Subota, 15 Maj 2021 10:49

Culture of Poverty by Oscar Lewis

The theory of a culture of poverty was created by the American anthropologist Oscar Lewis in his book, Five Families: Mexican Case Studies in the Culture of Poverty, first published in 1959. This theory states that living in conditions of pervasive poverty will lead to the development of a culture or subculture adapted to those conditions. Lewis uses his famous expression of poverty culture to describe it as the idea that poor people do not learn norms and values that can help them improve their conditions and therefore fall into a repeated pattern of poverty.

A French painter, sculptor, printmaker, newspaper caricaturist, and political satirist Honoré Daumier lived in Paris during troubled political times (the revolutions of 1830 and 1848) and during a time of rapid industrialization and much social unrest. His interest in the French railroad system was based on the fact that this new means of transportation changed the way to move around Paris and the surrounding cities in a dramatic way. Daumier, who also struggled with unemployment at some point in his life, sympathized with the working class and saw them as fellow passengers.

Honoré Daumier's paintings were influenced by rail traveling themes and painted many images on a similar theme since the 1840s. The painting The Third-Class Carriage from 1862 is a depiction of the everyday life of the poor. This painting is one part of a three-part series of paintings by Daumier, including The First-Class Carriage and The Second-Class Carriage. The work can be viewed now at The Metropolitan Museum of Art, New York.

After moving to Nuenen in the Brabant region in 1883, Vincent van Gogh was inspired to create a portrait of the working class.

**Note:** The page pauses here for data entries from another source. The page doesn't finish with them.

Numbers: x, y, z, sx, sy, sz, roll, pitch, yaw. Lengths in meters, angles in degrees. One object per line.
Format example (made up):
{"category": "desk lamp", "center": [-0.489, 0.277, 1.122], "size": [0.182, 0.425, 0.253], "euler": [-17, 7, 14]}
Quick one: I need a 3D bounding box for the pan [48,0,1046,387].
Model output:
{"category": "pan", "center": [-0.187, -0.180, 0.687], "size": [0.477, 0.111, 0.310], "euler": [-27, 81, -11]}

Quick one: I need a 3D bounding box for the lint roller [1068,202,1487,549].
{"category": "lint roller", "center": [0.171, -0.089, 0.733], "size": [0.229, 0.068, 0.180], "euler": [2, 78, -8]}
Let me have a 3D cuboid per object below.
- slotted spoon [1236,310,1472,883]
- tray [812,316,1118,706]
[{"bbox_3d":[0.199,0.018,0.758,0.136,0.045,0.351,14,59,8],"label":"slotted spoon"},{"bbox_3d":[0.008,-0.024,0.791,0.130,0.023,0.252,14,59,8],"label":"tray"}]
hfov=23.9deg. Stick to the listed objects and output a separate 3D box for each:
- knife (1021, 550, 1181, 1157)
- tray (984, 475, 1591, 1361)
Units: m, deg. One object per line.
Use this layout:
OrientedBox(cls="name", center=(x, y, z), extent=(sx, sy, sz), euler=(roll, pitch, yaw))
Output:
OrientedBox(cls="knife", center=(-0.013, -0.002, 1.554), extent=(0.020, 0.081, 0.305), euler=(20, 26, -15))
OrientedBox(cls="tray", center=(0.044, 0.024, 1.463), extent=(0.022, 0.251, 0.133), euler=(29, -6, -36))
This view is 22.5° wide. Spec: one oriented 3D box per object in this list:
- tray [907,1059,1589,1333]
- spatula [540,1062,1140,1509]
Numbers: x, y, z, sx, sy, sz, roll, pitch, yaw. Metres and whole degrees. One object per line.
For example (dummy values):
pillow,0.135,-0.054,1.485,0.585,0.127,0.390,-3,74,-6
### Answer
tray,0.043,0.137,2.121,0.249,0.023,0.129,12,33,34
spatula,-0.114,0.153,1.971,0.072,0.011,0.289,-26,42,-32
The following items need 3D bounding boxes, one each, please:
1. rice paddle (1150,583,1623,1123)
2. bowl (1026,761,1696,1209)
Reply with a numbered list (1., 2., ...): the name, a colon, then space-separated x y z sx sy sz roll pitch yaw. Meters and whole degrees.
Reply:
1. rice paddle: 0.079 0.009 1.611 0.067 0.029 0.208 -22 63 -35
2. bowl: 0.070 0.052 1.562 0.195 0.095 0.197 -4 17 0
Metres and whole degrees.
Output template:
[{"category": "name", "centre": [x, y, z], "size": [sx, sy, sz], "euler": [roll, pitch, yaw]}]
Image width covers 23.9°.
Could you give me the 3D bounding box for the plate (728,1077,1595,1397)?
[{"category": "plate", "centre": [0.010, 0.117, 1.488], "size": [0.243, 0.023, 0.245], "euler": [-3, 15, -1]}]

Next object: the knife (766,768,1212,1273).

On 30 April 1885, he wrote to his brother Theo:

"You see, I really have wanted to make it so people get the idea that these folk, who are eating their potatoes by the light of their little lamp, have tilled the earth themselves with these hands they are putting in the dish, and so it speaks of manual labor and - that they have thus honestly earned their food. I wanted it to give the idea of a wholly different way of life from ours - civilized people. So I certainly don't want everyone just to admire it or approve of it without knowing why."